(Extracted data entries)
--------------------------------------------------
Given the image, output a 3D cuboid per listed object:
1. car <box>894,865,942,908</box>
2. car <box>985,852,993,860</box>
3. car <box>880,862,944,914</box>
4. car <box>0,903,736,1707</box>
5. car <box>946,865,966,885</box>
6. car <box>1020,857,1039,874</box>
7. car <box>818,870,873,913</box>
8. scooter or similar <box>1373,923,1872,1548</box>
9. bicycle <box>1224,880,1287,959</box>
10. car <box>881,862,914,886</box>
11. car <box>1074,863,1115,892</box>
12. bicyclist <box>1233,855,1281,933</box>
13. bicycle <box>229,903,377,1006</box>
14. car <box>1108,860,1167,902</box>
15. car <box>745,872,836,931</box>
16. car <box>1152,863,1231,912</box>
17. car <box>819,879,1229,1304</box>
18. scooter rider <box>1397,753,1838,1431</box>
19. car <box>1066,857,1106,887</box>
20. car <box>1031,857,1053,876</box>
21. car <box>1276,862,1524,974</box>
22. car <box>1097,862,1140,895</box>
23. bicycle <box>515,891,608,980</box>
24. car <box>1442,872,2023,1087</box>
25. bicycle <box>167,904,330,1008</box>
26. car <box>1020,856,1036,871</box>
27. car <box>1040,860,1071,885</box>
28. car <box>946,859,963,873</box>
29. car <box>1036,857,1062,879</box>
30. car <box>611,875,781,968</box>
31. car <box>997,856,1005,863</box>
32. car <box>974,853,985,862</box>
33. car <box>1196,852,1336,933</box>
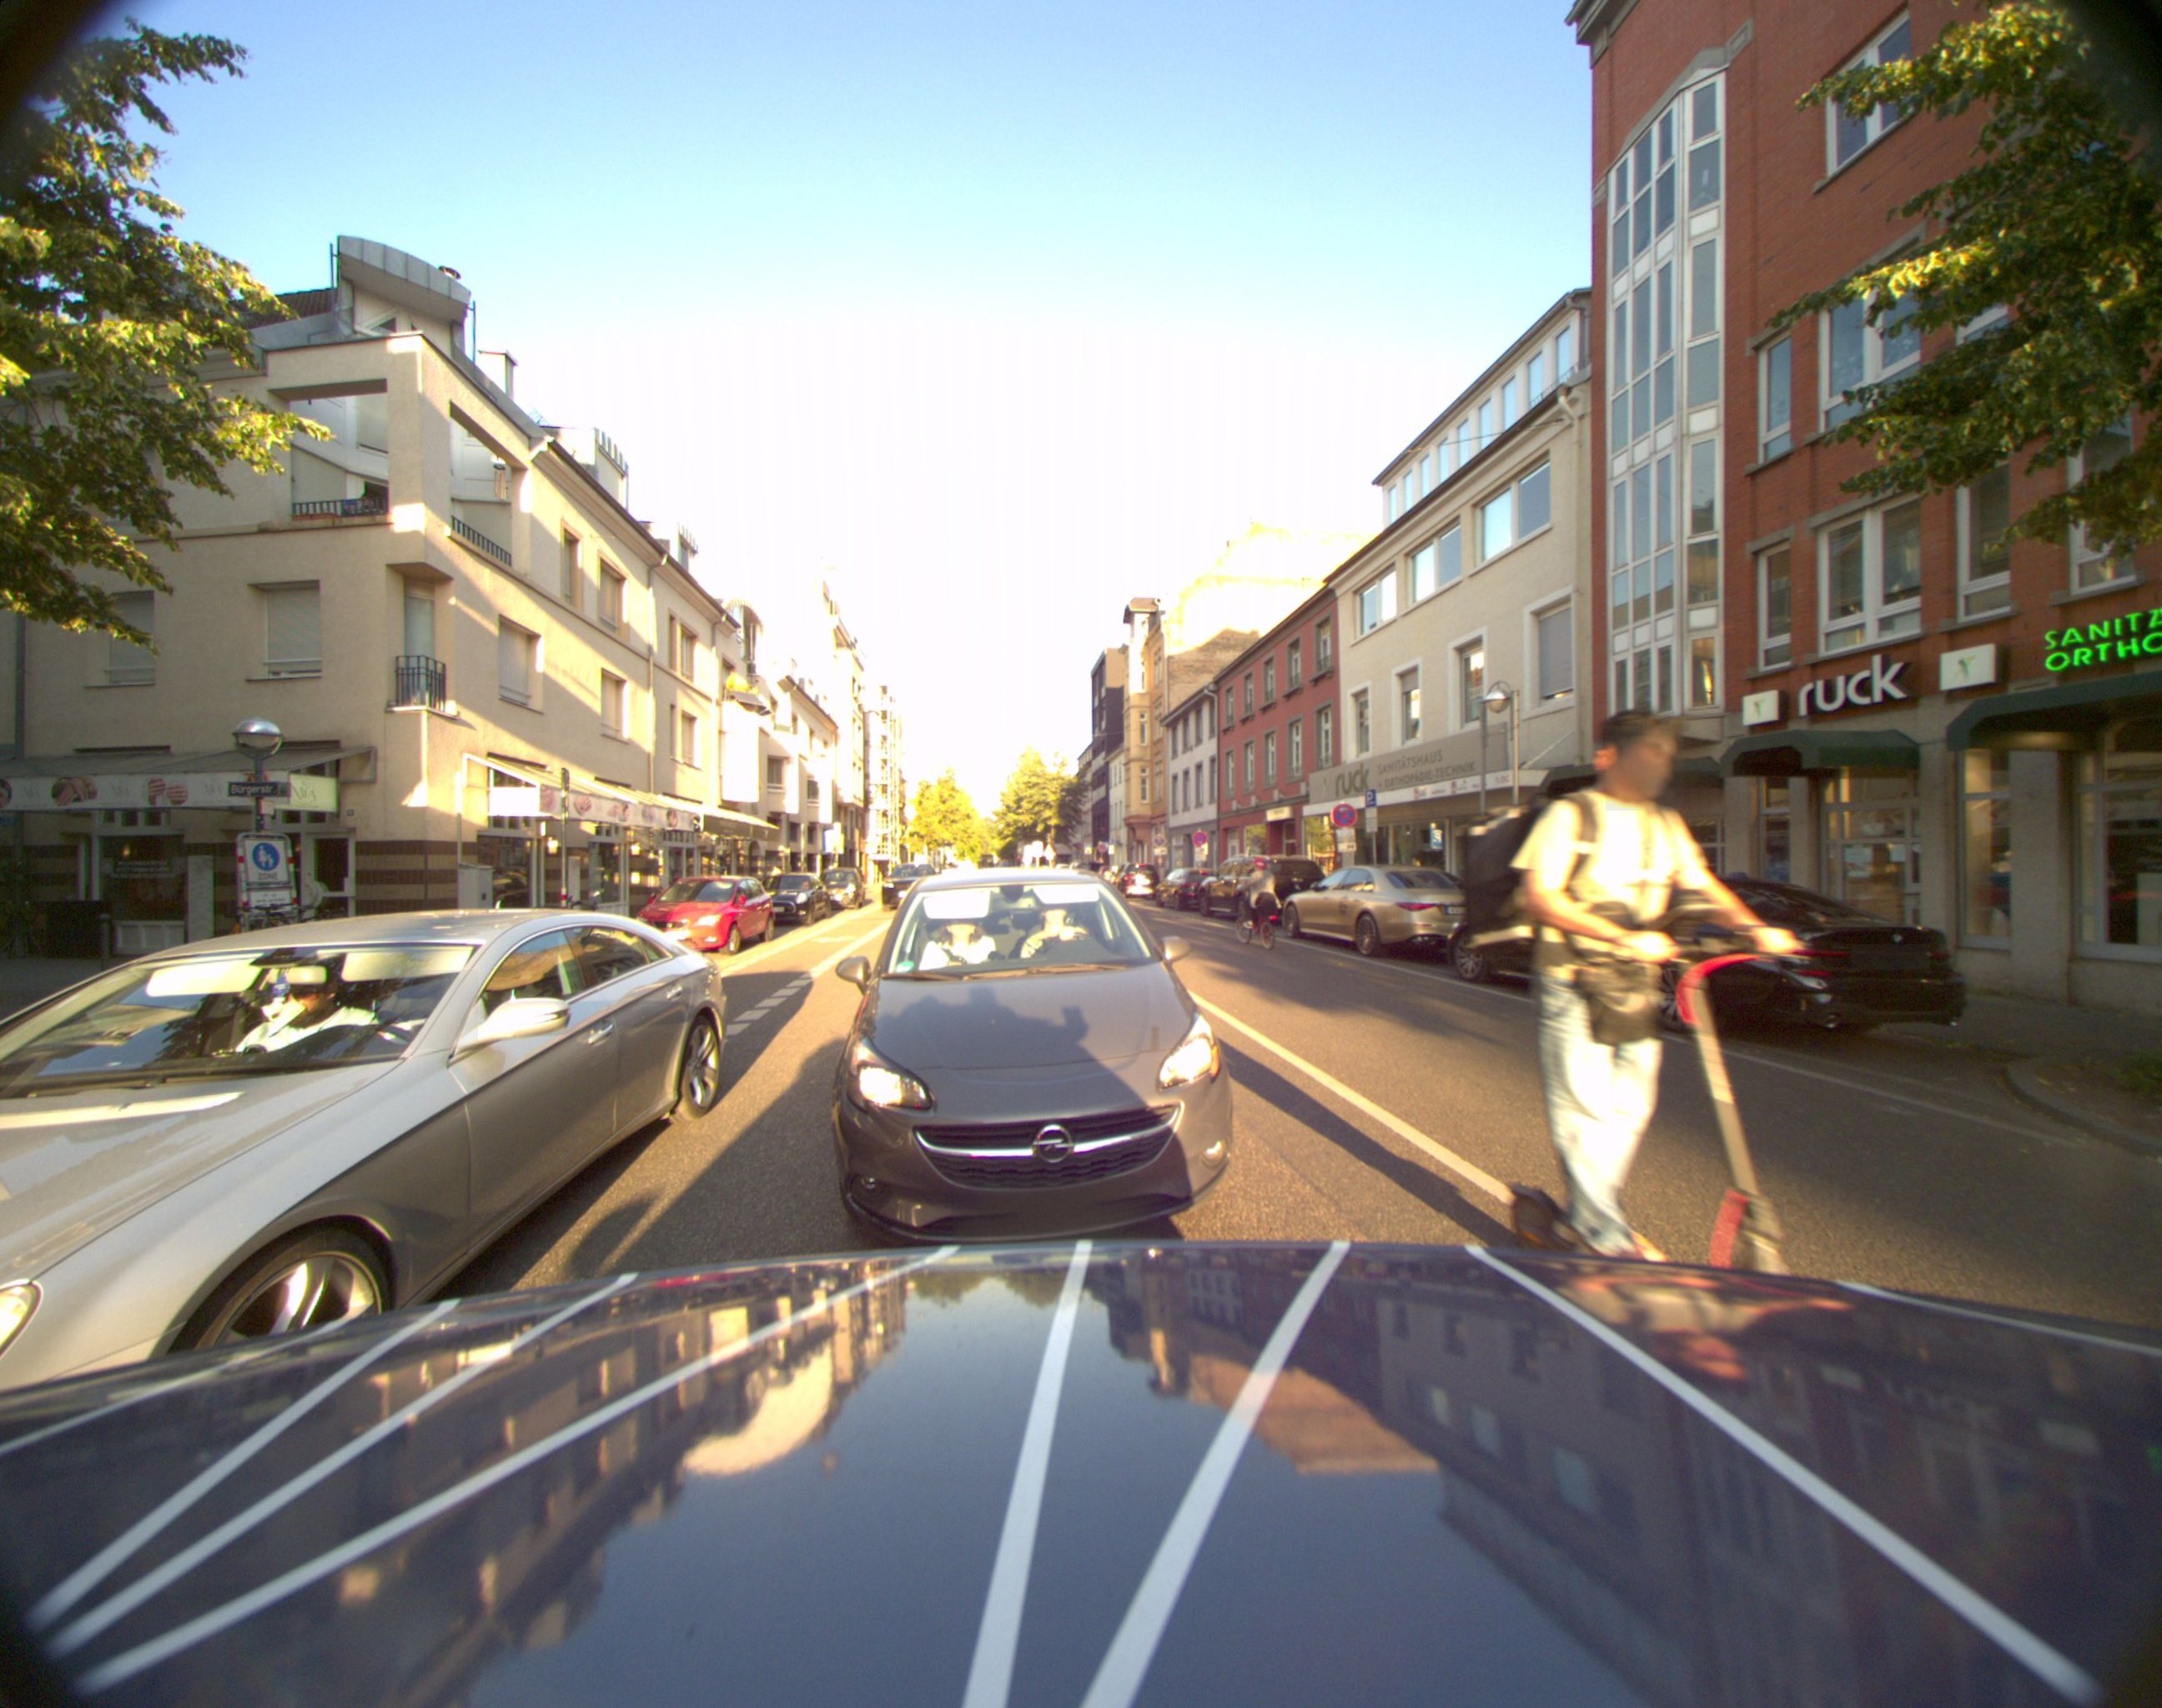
[{"bbox_3d":[-6.700,1.305,31.594,1.692,1.534,3.728,-2,1,-9],"label":"car"},{"bbox_3d":[-19.395,0.357,160.293,1.673,1.630,3.253,-2,1,-7],"label":"car"},{"bbox_3d":[-5.943,1.150,27.085,1.897,1.632,3.747,-1,0,-8],"label":"car"},{"bbox_3d":[-3.056,1.064,2.931,1.791,1.361,4.570,-2,0,-7],"label":"car"},{"bbox_3d":[-11.806,1.971,71.953,1.693,1.644,3.731,-2,1,-8],"label":"car"},{"bbox_3d":[-5.452,1.242,80.599,1.788,1.762,3.870,0,0,-7],"label":"car"},{"bbox_3d":[-8.841,1.365,28.683,1.432,1.442,3.378,-1,0,-8],"label":"car"},{"bbox_3d":[1.607,0.983,2.640,0.545,1.342,1.669,-1,0,1],"label":"scooter or similar"},{"bbox_3d":[3.058,1.119,13.461,0.421,1.230,1.693,-2,1,-10],"label":"bicycle"},{"bbox_3d":[-12.486,1.332,51.822,1.766,1.563,3.870,0,0,-7],"label":"car"},{"bbox_3d":[0.723,1.294,43.791,1.792,1.504,3.775,-1,1,-8],"label":"car"},{"bbox_3d":[3.060,0.681,13.245,0.569,1.295,0.660,-2,1,-9],"label":"bicyclist"},{"bbox_3d":[-10.477,1.297,10.332,0.332,1.123,2.010,0,0,-11],"label":"bicycle"},{"bbox_3d":[2.525,1.184,34.898,1.877,1.718,4.137,-1,0,-8],"label":"car"},{"bbox_3d":[-8.135,1.277,21.586,1.615,1.386,3.692,-2,0,-9],"label":"car"},{"bbox_3d":[3.739,1.096,26.356,1.737,1.515,3.840,0,0,-7],"label":"car"},{"bbox_3d":[-0.531,0.957,4.874,1.588,1.445,3.839,-1,0,-10],"label":"car"},{"bbox_3d":[1.605,0.641,2.427,0.813,1.797,0.788,-2,1,0],"label":"scooter rider"},{"bbox_3d":[0.277,1.101,47.993,1.882,1.667,4.034,-2,1,-8],"label":"car"},{"bbox_3d":[-3.742,1.206,72.260,1.766,1.762,3.870,0,0,-7],"label":"car"},{"bbox_3d":[5.264,0.948,13.453,1.896,1.590,4.942,0,0,-6],"label":"car"},{"bbox_3d":[1.948,1.240,40.025,1.686,1.580,3.514,-1,1,-7],"label":"car"},{"bbox_3d":[-8.232,1.249,12.114,0.505,1.230,1.711,0,0,-8],"label":"bicycle"},{"bbox_3d":[5.894,0.960,7.783,1.805,1.385,4.414,-1,1,-9],"label":"car"},{"bbox_3d":[-11.080,1.303,10.213,0.332,1.123,2.010,-1,1,-11],"label":"bicycle"},{"bbox_3d":[-6.316,1.156,90.228,1.766,1.762,3.870,0,0,-7],"label":"car"},{"bbox_3d":[-1.864,1.281,54.888,1.796,1.606,3.970,-2,1,-7],"label":"car"},{"bbox_3d":[-14.982,1.401,90.009,1.766,1.622,3.870,0,0,-7],"label":"car"},{"bbox_3d":[-2.632,1.109,61.576,1.766,1.762,3.870,0,0,-7],"label":"car"},{"bbox_3d":[-7.238,1.185,14.760,1.654,1.420,3.998,-2,0,-8],"label":"car"},{"bbox_3d":[-21.038,1.486,199.125,1.846,1.796,3.582,-2,1,-2],"label":"car"},{"bbox_3d":[-19.371,0.666,145.171,1.616,1.463,3.225,-2,1,-2],"label":"car"},{"bbox_3d":[4.734,0.932,20.323,1.974,1.873,4.944,-1,-1,-8],"label":"car"}]
--------------------------------------------------
Only an exact, picture-free copy of the entries counts as the answer.

Given the image, output a 3D cuboid per listed object:
1. car <box>894,865,942,908</box>
2. car <box>985,852,993,860</box>
3. car <box>880,862,944,914</box>
4. car <box>0,903,736,1707</box>
5. car <box>946,865,966,885</box>
6. car <box>1020,857,1039,874</box>
7. car <box>818,870,873,913</box>
8. scooter or similar <box>1373,923,1872,1548</box>
9. bicycle <box>1224,880,1287,959</box>
10. car <box>881,862,914,886</box>
11. car <box>1074,863,1115,892</box>
12. bicyclist <box>1233,855,1281,933</box>
13. bicycle <box>229,903,377,1006</box>
14. car <box>1108,860,1167,902</box>
15. car <box>745,872,836,931</box>
16. car <box>1152,863,1231,912</box>
17. car <box>819,879,1229,1304</box>
18. scooter rider <box>1397,753,1838,1431</box>
19. car <box>1066,857,1106,887</box>
20. car <box>1031,857,1053,876</box>
21. car <box>1276,862,1524,974</box>
22. car <box>1097,862,1140,895</box>
23. bicycle <box>515,891,608,980</box>
24. car <box>1442,872,2023,1087</box>
25. bicycle <box>167,904,330,1008</box>
26. car <box>1020,856,1036,871</box>
27. car <box>1040,860,1071,885</box>
28. car <box>946,859,963,873</box>
29. car <box>1036,857,1062,879</box>
30. car <box>611,875,781,968</box>
31. car <box>997,856,1005,863</box>
32. car <box>974,853,985,862</box>
33. car <box>1196,852,1336,933</box>
[{"bbox_3d":[-6.700,1.305,31.594,1.692,1.534,3.728,-2,1,-9],"label":"car"},{"bbox_3d":[-19.395,0.357,160.293,1.673,1.630,3.253,-2,1,-7],"label":"car"},{"bbox_3d":[-5.943,1.150,27.085,1.897,1.632,3.747,-1,0,-8],"label":"car"},{"bbox_3d":[-3.056,1.064,2.931,1.791,1.361,4.570,-2,0,-7],"label":"car"},{"bbox_3d":[-11.806,1.971,71.953,1.693,1.644,3.731,-2,1,-8],"label":"car"},{"bbox_3d":[-5.452,1.242,80.599,1.788,1.762,3.870,0,0,-7],"label":"car"},{"bbox_3d":[-8.841,1.365,28.683,1.432,1.442,3.378,-1,0,-8],"label":"car"},{"bbox_3d":[1.607,0.983,2.640,0.545,1.342,1.669,-1,0,1],"label":"scooter or similar"},{"bbox_3d":[3.058,1.119,13.461,0.421,1.230,1.693,-2,1,-10],"label":"bicycle"},{"bbox_3d":[-12.486,1.332,51.822,1.766,1.563,3.870,0,0,-7],"label":"car"},{"bbox_3d":[0.723,1.294,43.791,1.792,1.504,3.775,-1,1,-8],"label":"car"},{"bbox_3d":[3.060,0.681,13.245,0.569,1.295,0.660,-2,1,-9],"label":"bicyclist"},{"bbox_3d":[-10.477,1.297,10.332,0.332,1.123,2.010,0,0,-11],"label":"bicycle"},{"bbox_3d":[2.525,1.184,34.898,1.877,1.718,4.137,-1,0,-8],"label":"car"},{"bbox_3d":[-8.135,1.277,21.586,1.615,1.386,3.692,-2,0,-9],"label":"car"},{"bbox_3d":[3.739,1.096,26.356,1.737,1.515,3.840,0,0,-7],"label":"car"},{"bbox_3d":[-0.531,0.957,4.874,1.588,1.445,3.839,-1,0,-10],"label":"car"},{"bbox_3d":[1.605,0.641,2.427,0.813,1.797,0.788,-2,1,0],"label":"scooter rider"},{"bbox_3d":[0.277,1.101,47.993,1.882,1.667,4.034,-2,1,-8],"label":"car"},{"bbox_3d":[-3.742,1.206,72.260,1.766,1.762,3.870,0,0,-7],"label":"car"},{"bbox_3d":[5.264,0.948,13.453,1.896,1.590,4.942,0,0,-6],"label":"car"},{"bbox_3d":[1.948,1.240,40.025,1.686,1.580,3.514,-1,1,-7],"label":"car"},{"bbox_3d":[-8.232,1.249,12.114,0.505,1.230,1.711,0,0,-8],"label":"bicycle"},{"bbox_3d":[5.894,0.960,7.783,1.805,1.385,4.414,-1,1,-9],"label":"car"},{"bbox_3d":[-11.080,1.303,10.213,0.332,1.123,2.010,-1,1,-11],"label":"bicycle"},{"bbox_3d":[-6.316,1.156,90.228,1.766,1.762,3.870,0,0,-7],"label":"car"},{"bbox_3d":[-1.864,1.281,54.888,1.796,1.606,3.970,-2,1,-7],"label":"car"},{"bbox_3d":[-14.982,1.401,90.009,1.766,1.622,3.870,0,0,-7],"label":"car"},{"bbox_3d":[-2.632,1.109,61.576,1.766,1.762,3.870,0,0,-7],"label":"car"},{"bbox_3d":[-7.238,1.185,14.760,1.654,1.420,3.998,-2,0,-8],"label":"car"},{"bbox_3d":[-21.038,1.486,199.125,1.846,1.796,3.582,-2,1,-2],"label":"car"},{"bbox_3d":[-19.371,0.666,145.171,1.616,1.463,3.225,-2,1,-2],"label":"car"},{"bbox_3d":[4.734,0.932,20.323,1.974,1.873,4.944,-1,-1,-8],"label":"car"}]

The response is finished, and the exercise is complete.